C'était là une lueur à la teinte orangée, qui paraissait virevolter en tous sens. Cette vision lui rappela vaguement quelque chose, et il lui fallut une demi-douzaine de secondes avant que la lumière ne fît le jour dans son esprit.

C'était l'épée de feu. L'épée de Béric Dondarrion.

Le borgne avait donc survécu pendant tout ce temps ? Tormund en ressentit un profond sentiment de gratitude et il remercia mentalement les Anciens Dieux.

Peu après, Béric fit lui-même son apparition, sa silhouette paraissant nettement se découper au sein de la neige environnante. L'homme plongea instantanément dans la mêlée, paré à en découdre avec tous les morts.

Il ne venait pas seul toutefois, une quinzaine de membres de sa Fraternité le talonnaient de près.

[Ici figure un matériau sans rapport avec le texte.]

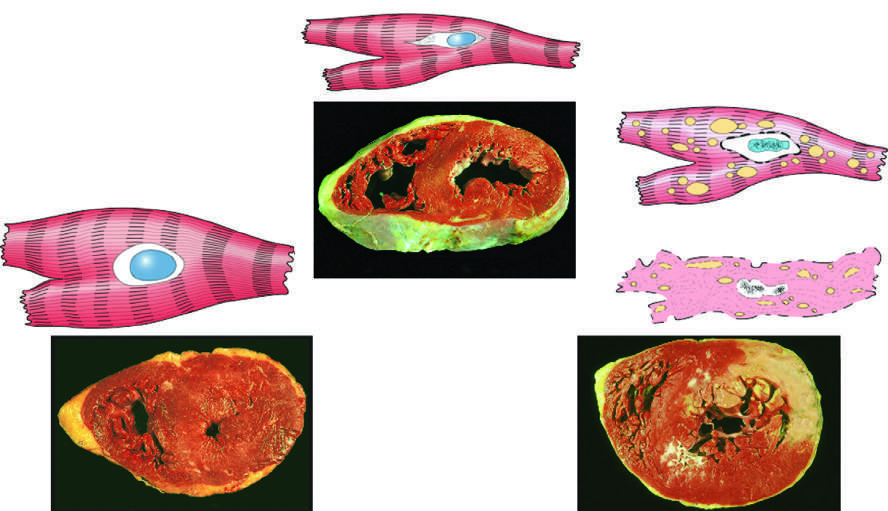s there an infarct in the brain hypertrophy?
Answer the question using a single word or phrase. No

Tout comme leur chef, eux aussi ne tardèrent pas à faire jaillir les flammes qui vinrent lécher les lames de leurs flamberges.

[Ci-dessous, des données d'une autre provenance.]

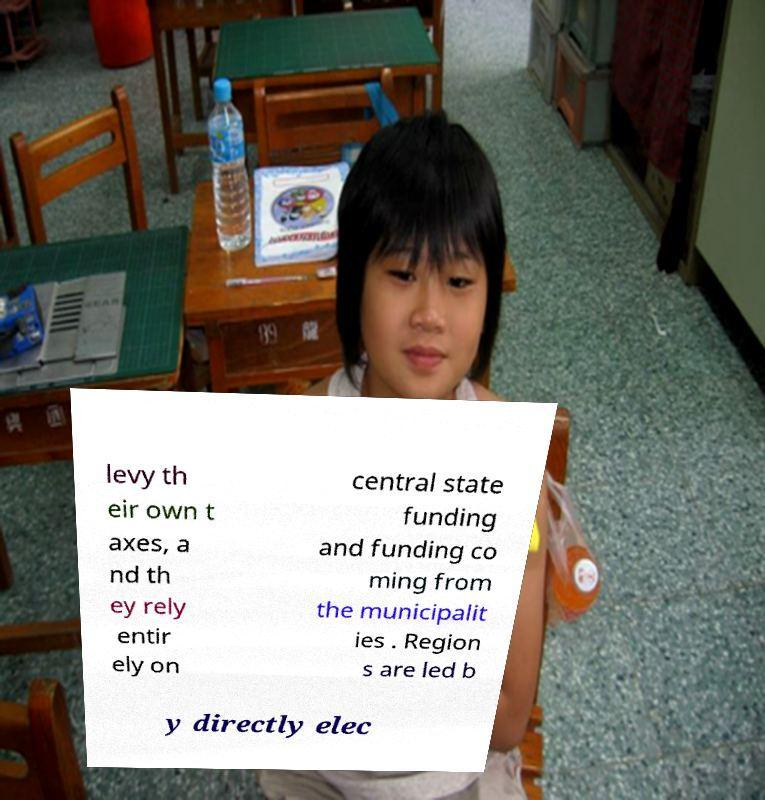I need the written content from this picture converted into text. Can you do that? levy th eir own t axes, a nd th ey rely entir ely on central state funding and funding co ming from the municipalit ies . Region s are led b y directly elec

Les sauvageons qui avaient survécu jusque-là, cinq étaient tombés sur les dix compagnons de Tormund, perçurent eux aussi une sensation nouvelle étreindre leur cœur.

Tous étaient ragaillardis par cet arrivée inattendue, et ils en retrouvèrent des forces nouvelles.

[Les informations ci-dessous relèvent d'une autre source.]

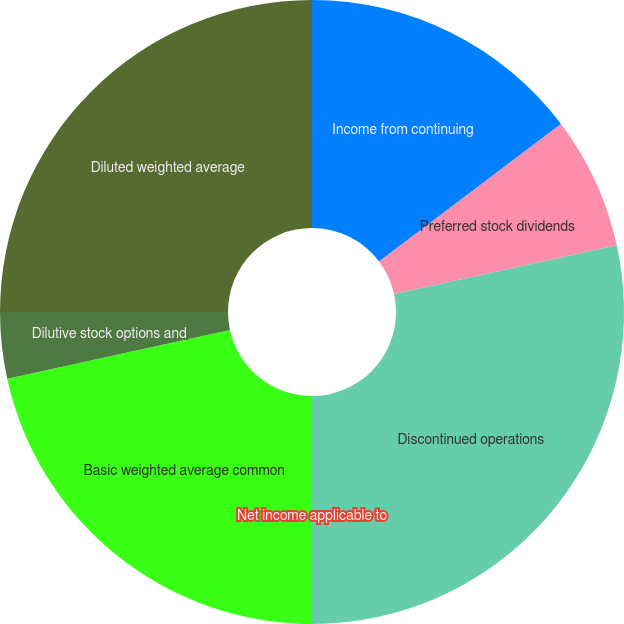<chart> <loc_0><loc_0><loc_500><loc_500><pie_chart><fcel>Income from continuing<fcel>Preferred stock dividends<fcel>Discontinued operations<fcel>Net income applicable to<fcel>Basic weighted average common<fcel>Dilutive stock options and<fcel>Diluted weighted average<nl><fcel>14.71%<fcel>6.86%<fcel>28.43%<fcel>0.0%<fcel>21.57%<fcel>3.43%<fcel>25.0%<nl></chart>

Tormund se dégagea du spectre qui s'échinait à vouloir lui briser les os du poignet, ramassa son arme, et avec tout ce monde autour de lui, il récidiva ses actions précédentes en se jetant dans la bataille.

Quelques minutes passèrent ensuite.

L'armée des morts n'arrivait plus. Sans doute ne s'étaient-ils pas attendus à ce que la situation leur échappât. Et bien que les vivants comptassent trois pertes supplémentaires parmi les individus liés à Béric, au bout du compte, ils étaient encore dix-neuf à demeurer debout à l'issue du combat.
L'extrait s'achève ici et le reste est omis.